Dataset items
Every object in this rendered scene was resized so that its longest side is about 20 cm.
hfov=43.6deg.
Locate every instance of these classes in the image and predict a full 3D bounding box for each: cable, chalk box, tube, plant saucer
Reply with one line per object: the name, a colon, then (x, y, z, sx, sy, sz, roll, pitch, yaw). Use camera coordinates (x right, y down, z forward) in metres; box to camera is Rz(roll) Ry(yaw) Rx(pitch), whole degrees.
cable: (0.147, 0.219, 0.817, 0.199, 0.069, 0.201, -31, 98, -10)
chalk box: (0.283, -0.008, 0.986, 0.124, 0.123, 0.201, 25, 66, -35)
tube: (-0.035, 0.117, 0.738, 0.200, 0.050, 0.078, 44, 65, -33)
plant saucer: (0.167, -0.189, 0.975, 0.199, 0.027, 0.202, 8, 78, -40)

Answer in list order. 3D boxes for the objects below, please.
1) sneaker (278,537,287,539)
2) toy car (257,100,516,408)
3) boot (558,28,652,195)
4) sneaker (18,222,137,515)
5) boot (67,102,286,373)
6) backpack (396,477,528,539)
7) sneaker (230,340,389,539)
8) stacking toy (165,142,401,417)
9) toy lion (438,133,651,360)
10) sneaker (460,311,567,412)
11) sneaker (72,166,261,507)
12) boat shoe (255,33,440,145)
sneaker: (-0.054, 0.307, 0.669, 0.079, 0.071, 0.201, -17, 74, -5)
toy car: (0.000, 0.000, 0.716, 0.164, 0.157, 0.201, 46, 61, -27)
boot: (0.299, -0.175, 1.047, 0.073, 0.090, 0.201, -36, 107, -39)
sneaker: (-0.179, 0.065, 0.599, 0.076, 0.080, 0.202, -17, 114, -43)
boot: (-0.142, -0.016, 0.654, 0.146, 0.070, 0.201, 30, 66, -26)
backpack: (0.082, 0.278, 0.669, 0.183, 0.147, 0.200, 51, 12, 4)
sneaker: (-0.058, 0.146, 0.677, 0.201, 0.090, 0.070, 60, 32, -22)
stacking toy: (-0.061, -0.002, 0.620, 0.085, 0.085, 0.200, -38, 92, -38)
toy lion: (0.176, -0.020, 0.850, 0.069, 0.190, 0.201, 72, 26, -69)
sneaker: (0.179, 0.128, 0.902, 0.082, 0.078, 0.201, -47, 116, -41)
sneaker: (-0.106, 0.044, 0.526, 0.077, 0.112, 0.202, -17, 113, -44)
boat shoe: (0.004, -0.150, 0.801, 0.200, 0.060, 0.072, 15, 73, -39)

> [THE PROBLEM] Please retype the data above exactly, including every line.

> [RESULT]
Every object in this rendered scene was resized so that its longest side is about 20 cm.
hfov=43.6deg.
Locate every instance of these classes in the image and predict a full 3D bounding box for each: cable, chalk box, tube, plant saucer
Reply with one line per object: the name, a colon, then (x, y, z, sx, sy, sz, roll, pitch, yaw). Use camera coordinates (x right, y down, z forward) in metres; box to camera is Rz(roll) Ry(yaw) Rx(pitch), whole degrees.
cable: (0.147, 0.219, 0.817, 0.199, 0.069, 0.201, -31, 98, -10)
chalk box: (0.283, -0.008, 0.986, 0.124, 0.123, 0.201, 25, 66, -35)
tube: (-0.035, 0.117, 0.738, 0.200, 0.050, 0.078, 44, 65, -33)
plant saucer: (0.167, -0.189, 0.975, 0.199, 0.027, 0.202, 8, 78, -40)

Answer in list order. 3D boxes for the objects below, please.
1) sneaker (278,537,287,539)
2) toy car (257,100,516,408)
3) boot (558,28,652,195)
4) sneaker (18,222,137,515)
5) boot (67,102,286,373)
6) backpack (396,477,528,539)
7) sneaker (230,340,389,539)
8) stacking toy (165,142,401,417)
9) toy lion (438,133,651,360)
10) sneaker (460,311,567,412)
11) sneaker (72,166,261,507)
12) boat shoe (255,33,440,145)
sneaker: (-0.054, 0.307, 0.669, 0.079, 0.071, 0.201, -17, 74, -5)
toy car: (0.000, 0.000, 0.716, 0.164, 0.157, 0.201, 46, 61, -27)
boot: (0.299, -0.175, 1.047, 0.073, 0.090, 0.201, -36, 107, -39)
sneaker: (-0.179, 0.065, 0.599, 0.076, 0.080, 0.202, -17, 114, -43)
boot: (-0.142, -0.016, 0.654, 0.146, 0.070, 0.201, 30, 66, -26)
backpack: (0.082, 0.278, 0.669, 0.183, 0.147, 0.200, 51, 12, 4)
sneaker: (-0.058, 0.146, 0.677, 0.201, 0.090, 0.070, 60, 32, -22)
stacking toy: (-0.061, -0.002, 0.620, 0.085, 0.085, 0.200, -38, 92, -38)
toy lion: (0.176, -0.020, 0.850, 0.069, 0.190, 0.201, 72, 26, -69)
sneaker: (0.179, 0.128, 0.902, 0.082, 0.078, 0.201, -47, 116, -41)
sneaker: (-0.106, 0.044, 0.526, 0.077, 0.112, 0.202, -17, 113, -44)
boat shoe: (0.004, -0.150, 0.801, 0.200, 0.060, 0.072, 15, 73, -39)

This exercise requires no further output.